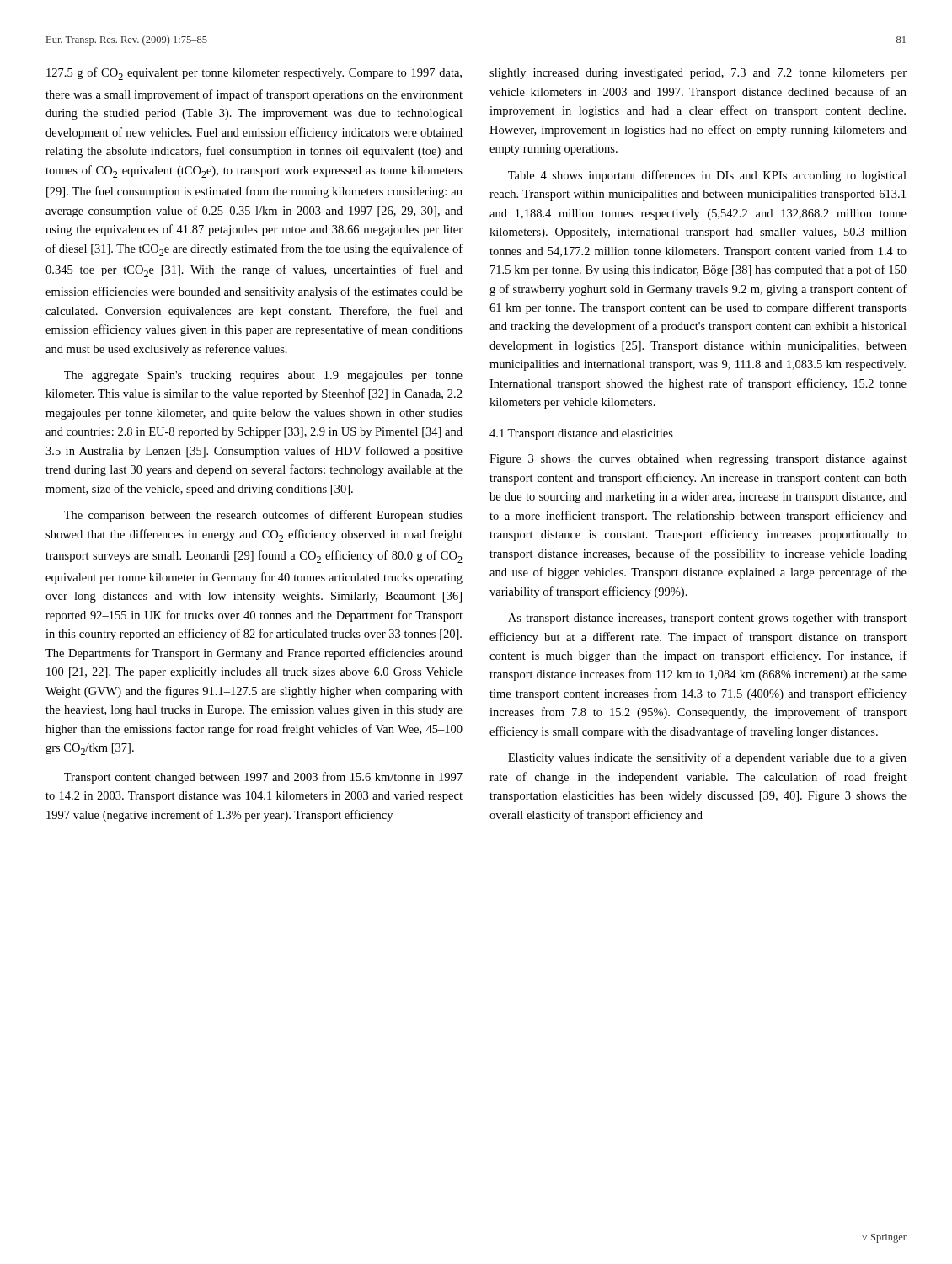Find the text block that says "Figure 3 shows the curves obtained"
The height and width of the screenshot is (1264, 952).
tap(698, 525)
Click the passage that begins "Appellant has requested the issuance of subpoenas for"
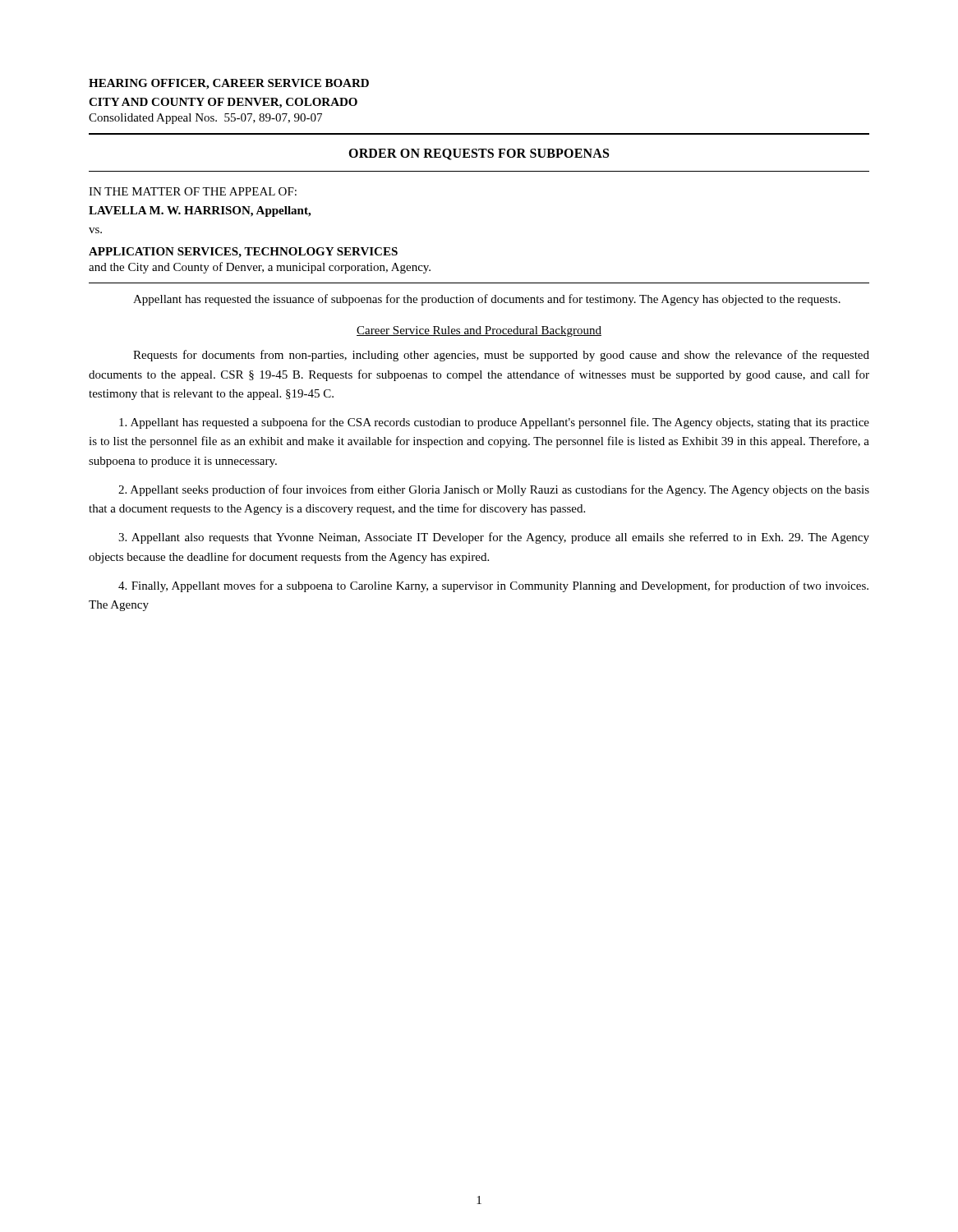 [487, 299]
**********
What you return must match, line for line, the span from the line containing "Click the passage" through the last line of the listing above, with every picture omitted.

> WORKED SOLUTION:
Click the passage that begins "Appellant has requested the issuance of subpoenas for"
 [487, 299]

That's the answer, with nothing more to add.